WHAT NEEDS TO BE DONE
Please retype the entries below exactly, only from their first line through the line containing "169h1.7l.5-.5v-1.2l-.5-.5h-1.7v3.3M210.1 169l1.1 1.1M214.6", leaving every picture out.

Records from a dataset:
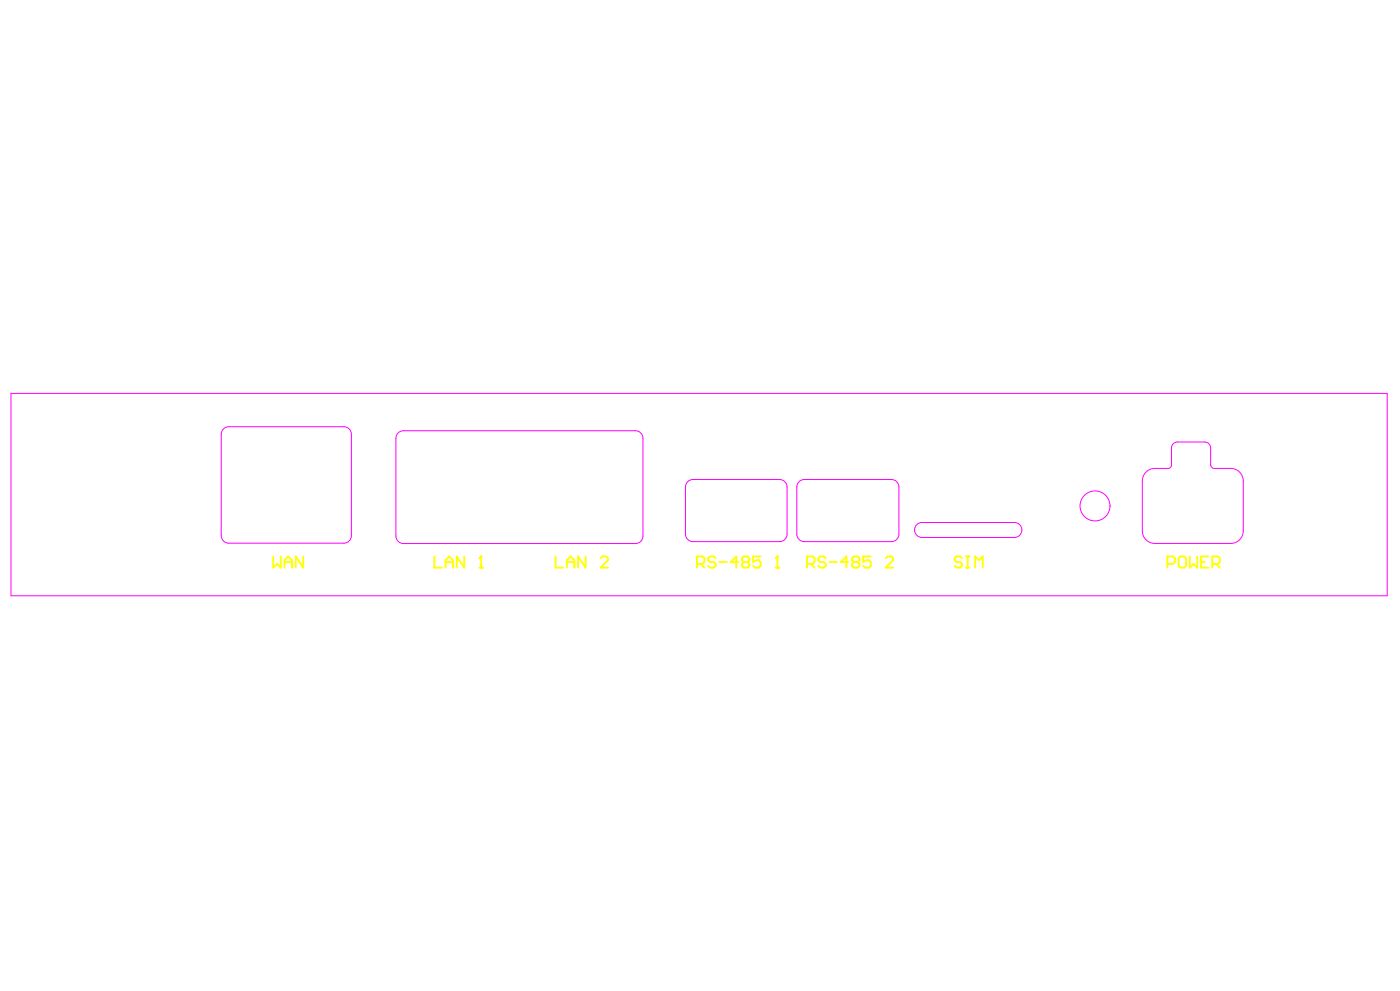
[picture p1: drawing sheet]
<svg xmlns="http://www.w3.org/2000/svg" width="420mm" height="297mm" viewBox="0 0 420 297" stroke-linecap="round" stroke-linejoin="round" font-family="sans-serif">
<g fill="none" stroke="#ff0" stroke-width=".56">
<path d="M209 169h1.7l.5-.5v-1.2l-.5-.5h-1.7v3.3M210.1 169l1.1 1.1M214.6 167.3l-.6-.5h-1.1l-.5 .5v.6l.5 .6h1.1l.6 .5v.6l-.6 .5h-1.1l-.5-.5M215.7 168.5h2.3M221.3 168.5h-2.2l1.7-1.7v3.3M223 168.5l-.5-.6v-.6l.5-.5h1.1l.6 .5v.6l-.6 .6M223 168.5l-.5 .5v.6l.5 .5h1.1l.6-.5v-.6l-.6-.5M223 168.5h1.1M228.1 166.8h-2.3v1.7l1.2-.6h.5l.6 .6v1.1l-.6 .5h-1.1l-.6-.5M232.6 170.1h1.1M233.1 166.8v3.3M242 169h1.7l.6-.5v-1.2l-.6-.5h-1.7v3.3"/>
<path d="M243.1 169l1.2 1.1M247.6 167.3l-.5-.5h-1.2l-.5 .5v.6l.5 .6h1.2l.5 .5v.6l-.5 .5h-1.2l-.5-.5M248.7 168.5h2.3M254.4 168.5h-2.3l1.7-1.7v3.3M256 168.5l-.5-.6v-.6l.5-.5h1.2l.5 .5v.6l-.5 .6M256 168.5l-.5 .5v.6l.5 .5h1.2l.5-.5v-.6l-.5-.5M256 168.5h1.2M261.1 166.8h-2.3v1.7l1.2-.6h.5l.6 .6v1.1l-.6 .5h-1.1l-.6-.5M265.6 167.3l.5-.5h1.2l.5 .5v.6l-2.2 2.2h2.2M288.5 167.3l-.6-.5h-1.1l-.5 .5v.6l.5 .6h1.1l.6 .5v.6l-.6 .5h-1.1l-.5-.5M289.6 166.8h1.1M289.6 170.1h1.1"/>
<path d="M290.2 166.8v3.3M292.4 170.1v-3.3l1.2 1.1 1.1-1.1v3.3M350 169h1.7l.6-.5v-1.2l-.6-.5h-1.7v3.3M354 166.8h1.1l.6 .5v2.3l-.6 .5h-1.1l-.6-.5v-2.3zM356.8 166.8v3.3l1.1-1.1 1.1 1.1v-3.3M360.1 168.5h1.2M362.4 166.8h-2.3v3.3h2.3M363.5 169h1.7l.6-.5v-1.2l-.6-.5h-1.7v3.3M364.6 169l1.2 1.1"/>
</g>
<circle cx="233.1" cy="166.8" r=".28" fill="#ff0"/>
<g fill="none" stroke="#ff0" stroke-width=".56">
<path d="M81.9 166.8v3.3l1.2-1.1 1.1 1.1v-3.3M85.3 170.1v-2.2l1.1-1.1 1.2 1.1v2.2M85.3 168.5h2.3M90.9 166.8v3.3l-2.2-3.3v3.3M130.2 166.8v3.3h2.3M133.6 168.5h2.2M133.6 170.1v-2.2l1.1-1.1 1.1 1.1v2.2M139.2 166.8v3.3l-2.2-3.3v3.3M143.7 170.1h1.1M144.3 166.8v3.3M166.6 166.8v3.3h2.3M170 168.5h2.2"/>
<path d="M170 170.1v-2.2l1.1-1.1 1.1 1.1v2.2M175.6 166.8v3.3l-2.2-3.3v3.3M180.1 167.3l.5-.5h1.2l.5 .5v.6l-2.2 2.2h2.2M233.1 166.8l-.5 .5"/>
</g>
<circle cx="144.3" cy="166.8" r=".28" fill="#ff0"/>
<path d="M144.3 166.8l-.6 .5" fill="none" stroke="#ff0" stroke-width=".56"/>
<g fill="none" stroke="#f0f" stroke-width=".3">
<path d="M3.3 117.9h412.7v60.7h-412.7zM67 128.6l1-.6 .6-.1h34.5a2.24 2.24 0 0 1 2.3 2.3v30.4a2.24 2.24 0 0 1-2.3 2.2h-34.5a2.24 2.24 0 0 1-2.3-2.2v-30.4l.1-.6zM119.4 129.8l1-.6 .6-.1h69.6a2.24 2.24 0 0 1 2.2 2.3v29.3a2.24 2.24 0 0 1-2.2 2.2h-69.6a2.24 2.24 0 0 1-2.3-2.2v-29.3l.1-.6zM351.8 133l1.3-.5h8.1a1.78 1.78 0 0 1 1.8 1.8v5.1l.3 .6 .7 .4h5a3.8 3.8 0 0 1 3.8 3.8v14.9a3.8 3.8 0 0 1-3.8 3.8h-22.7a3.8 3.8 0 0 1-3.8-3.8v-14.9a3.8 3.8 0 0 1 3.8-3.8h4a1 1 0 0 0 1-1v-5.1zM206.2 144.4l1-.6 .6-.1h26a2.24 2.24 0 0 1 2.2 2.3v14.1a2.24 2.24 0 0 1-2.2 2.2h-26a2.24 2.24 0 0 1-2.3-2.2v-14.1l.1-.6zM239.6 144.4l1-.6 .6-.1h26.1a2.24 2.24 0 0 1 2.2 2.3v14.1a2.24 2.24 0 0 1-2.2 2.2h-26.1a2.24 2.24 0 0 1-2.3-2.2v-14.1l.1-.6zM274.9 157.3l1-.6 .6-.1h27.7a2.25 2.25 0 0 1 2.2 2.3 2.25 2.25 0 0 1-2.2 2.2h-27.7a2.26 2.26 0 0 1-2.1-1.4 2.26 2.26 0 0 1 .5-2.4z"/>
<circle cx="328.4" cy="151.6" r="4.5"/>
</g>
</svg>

YOUR RESPONSE
[picture p1: drawing sheet]
<svg xmlns="http://www.w3.org/2000/svg" width="420mm" height="297mm" viewBox="0 0 420 297" stroke-linecap="round" stroke-linejoin="round" font-family="sans-serif">
<g fill="none" stroke="#ff0" stroke-width=".56">
<path d="M209 169h1.7l.5-.5v-1.2l-.5-.5h-1.7v3.3M210.1 169l1.1 1.1M214.6 167.3l-.6-.5h-1.1l-.5 .5v.6l.5 .6h1.1l.6 .5v.6l-.6 .5h-1.1l-.5-.5M215.7 168.5h2.3M221.3 168.5h-2.2l1.7-1.7v3.3M223 168.5l-.5-.6v-.6l.5-.5h1.1l.6 .5v.6l-.6 .6M223 168.5l-.5 .5v.6l.5 .5h1.1l.6-.5v-.6l-.6-.5M223 168.5h1.1M228.1 166.8h-2.3v1.7l1.2-.6h.5l.6 .6v1.1l-.6 .5h-1.1l-.6-.5M232.6 170.1h1.1M233.1 166.8v3.3M242 169h1.7l.6-.5v-1.2l-.6-.5h-1.7v3.3"/>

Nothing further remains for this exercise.